Track comprehensive metrics for both variants:

type MetricsCollector struct {
    metrics map[string]map[string][]ExperimentMetrics // experimentID -> variant -> metrics
    mu      sync.RWMutex
}

func NewMetricsCollector() *MetricsCollector {
    return &MetricsCollector{
        metrics: make(map[string]map[string][]ExperimentMetrics),
    }
}

func (c *MetricsCollector) Record(experimentID string, variant string, metrics ExperimentMetrics) {
    c.mu.Lock()
    defer c.mu.Unlock()

    if _, exists := c.metrics[experimentID]; !exists {
        c.metrics[experimentID] = make(map[string][]ExperimentMetrics)
    }

    c.metrics[experimentID][variant] = append(c.metrics[experimentID][variant], metrics)
}

func (c *MetricsCollector) GetMetrics(experimentID string, variant string) []ExperimentMetrics {
    c.mu.RLock()
    defer c.mu.RUnlock()

    if exp, exists := c.metrics[experimentID]; exists {
        return exp[variant]
    }
    return nil
}

Statistical Analysis

Analyze results with statistical tests:

import "math"

type ExperimentAnalysis struct {
    Winner     string  // "A", "B", or "inconclusive"
    Confidence float64 // Confidence level (0-1)
    CostSavings float64 // Cost difference
    QualityDiff float64 // Quality difference
    SampleSize map[string]int
    Summary    string
}

func (f *ABTestingFramework) AnalyzeExperiment(ctx context.Context, experimentID string) (*ExperimentAnalysis, error) {
    metricsA := f.metricsCollector.GetMetrics(experimentID, "A")
    metricsB := f.metricsCollector.GetMetrics(experimentID, "B")

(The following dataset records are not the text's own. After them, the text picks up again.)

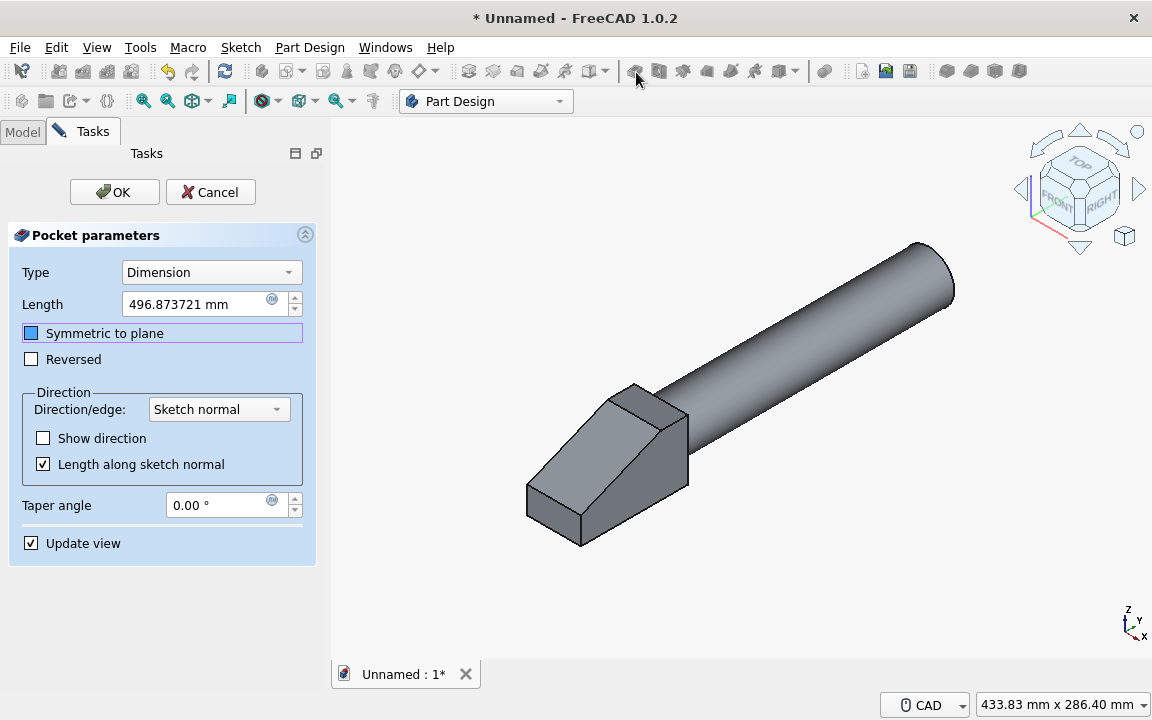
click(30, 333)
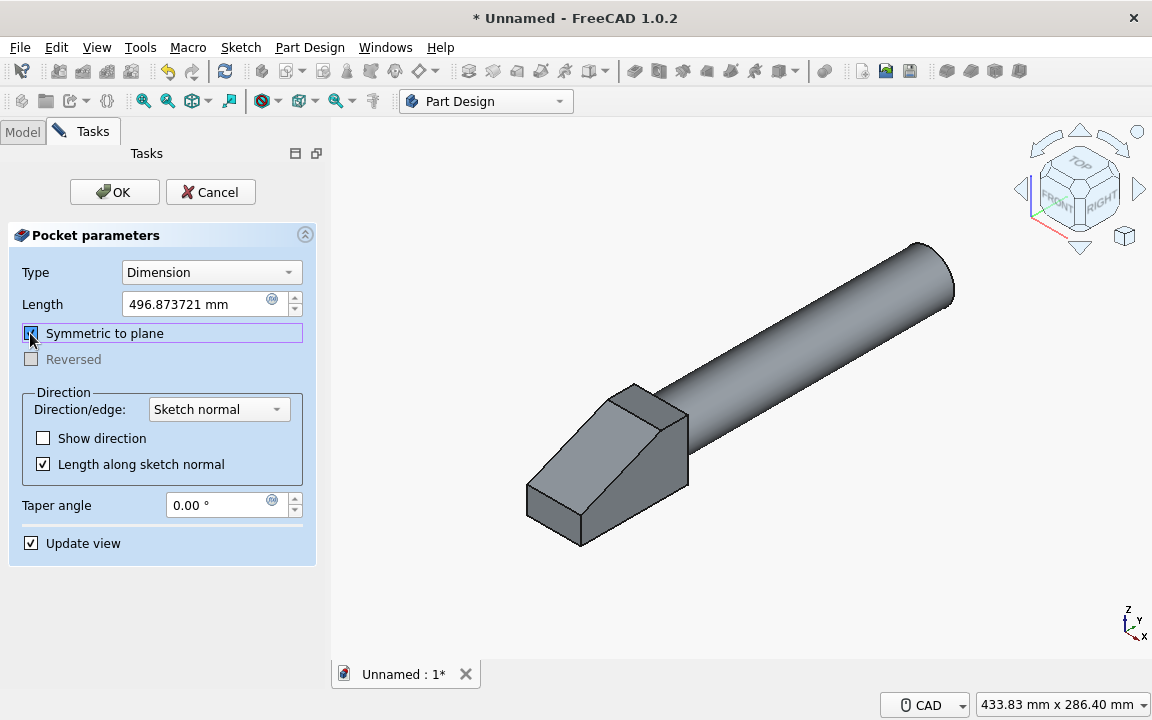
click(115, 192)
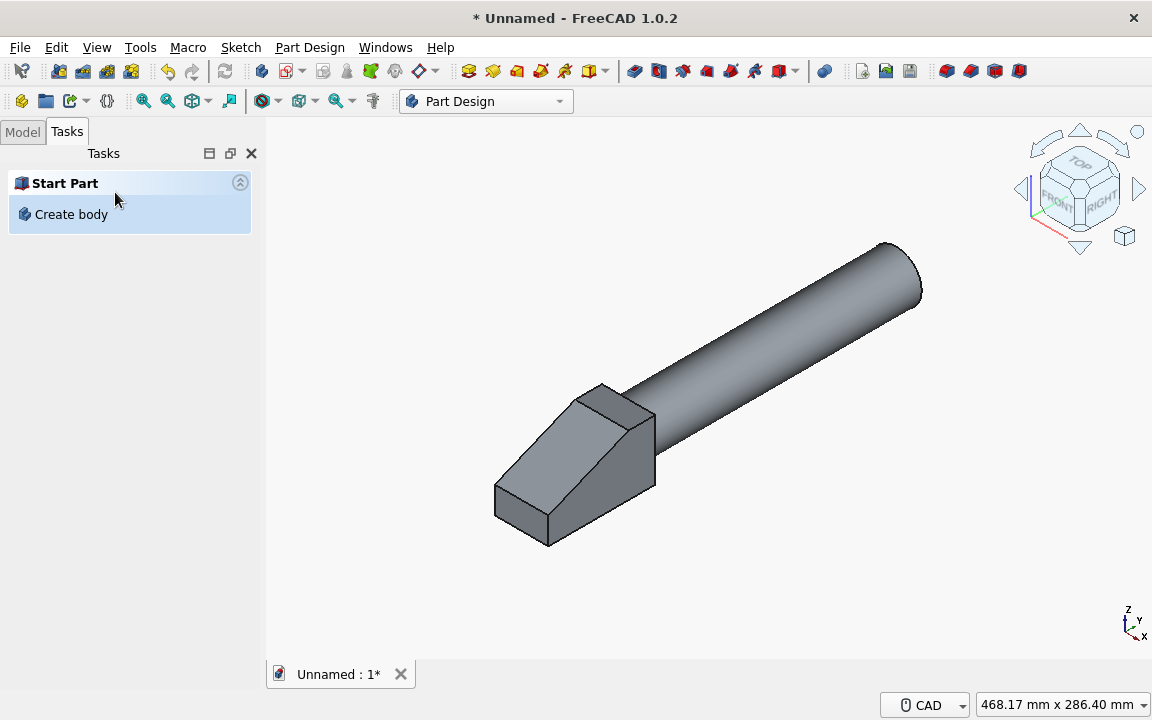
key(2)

    if len(metricsA) < 30 || len(metricsB) < 30 {
        return &ExperimentAnalysis{
            Winner:     "inconclusive",
            Confidence: 0.0,
            Summary:    fmt.Sprintf("Insufficient samples (need 30+, have A:%d B:%d)", len(metricsA), len(metricsB)),
        }, nil
    }

    // Calculate average metrics
    avgCostA := average(metricsA, func(m ExperimentMetrics) float64 { return m.Cost })
    avgCostB := average(metricsB, func(m ExperimentMetrics) float64 { return m.Cost })
    avgQualityA := average(metricsA, func(m ExperimentMetrics) float64 { return m.Quality })
    avgQualityB := average(metricsB, func(m ExperimentMetrics) float64 { return m.Quality })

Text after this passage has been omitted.